Wuhan hospitals resume regular services amid COVID-19
Updated 13:43, 16-Mar-2020
Zhou Jiaxin, Zhu Shuying

With the number of confirmed cases down to single digits, many hospitals in Wuhan are resuming regular medical services that have been disrupted by the coronavirus outbreak.

Zhu, a man who preferred not to reveal his given name, called a local hospital when he found online that the oncology department's appointment service had become available.

After the call, he went to the hospital and found the process was easier than ever before.

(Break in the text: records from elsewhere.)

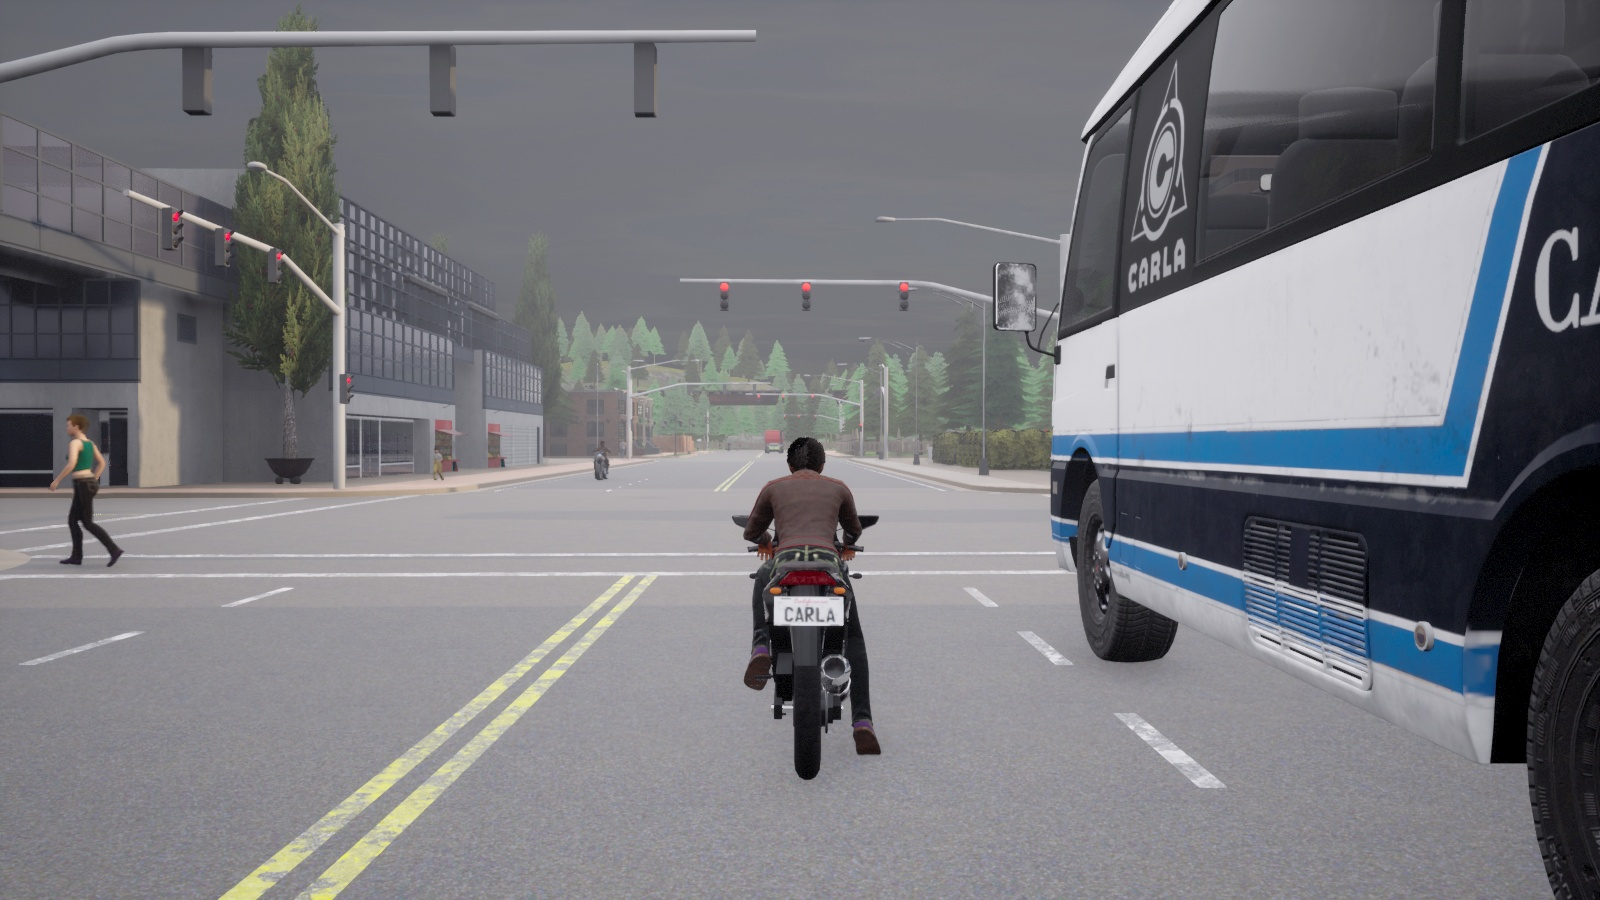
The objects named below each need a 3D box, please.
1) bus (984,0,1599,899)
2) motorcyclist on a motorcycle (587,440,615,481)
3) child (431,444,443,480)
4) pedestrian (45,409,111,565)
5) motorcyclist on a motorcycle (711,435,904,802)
[{"bbox_3d":[3.533,-0.659,5.564,3.944,4.253,10.273,0,0,0],"label":"bus"},{"bbox_3d":[-8.014,0.404,50.649,0.766,1.649,2.350,0,0,-1],"label":"motorcyclist on a motorcycle"},{"bbox_3d":[-12.845,0.424,44.476,0.270,1.263,0.437,0,0,5],"label":"child"},{"bbox_3d":[-8.620,0.433,14.997,0.594,1.836,0.345,0,0,-9],"label":"pedestrian"},{"bbox_3d":[0.030,0.693,6.236,0.797,1.523,2.044,0,0,0],"label":"motorcyclist on a motorcycle"}]

But body temperature monitoring and some basic testing over COVID-19, which have become the norm since the pandemic began, are still in place at the hospital.

Although Zhu complained that the epidemic delayed the diagnosis of a tumor in his right leg, he now is relieved that the hospital had begun meeting non-COVID-19 patients, and the community where he lives now allows patients to come out for visiting doctors.

Seeing the improved situation, Zhu said: "I suppose we will see the end of the epidemic soon."

Since the outbreak of the novel coronavirus, patients of chronic diseases and elderly patients, who need to consult doctors in person, had to seek diagnosis and buy medication online, which is inconvenient and can result in severe consequences.

Lots of medical facilities in Wuhan were transformed into designated hospitals to receive and treat patients with fever or those confirmed to be infected with COVID-19, as the number of patients surged.

"Our medics were reshuffled into such service teams as patient transfer, epidemic investigation, sample testing, medical supplies and logistics," Wang Junwen, vice president of Wuhans No. 4 Hospital, told CGTN. "All personnel were deployed to tackle COVID-19.”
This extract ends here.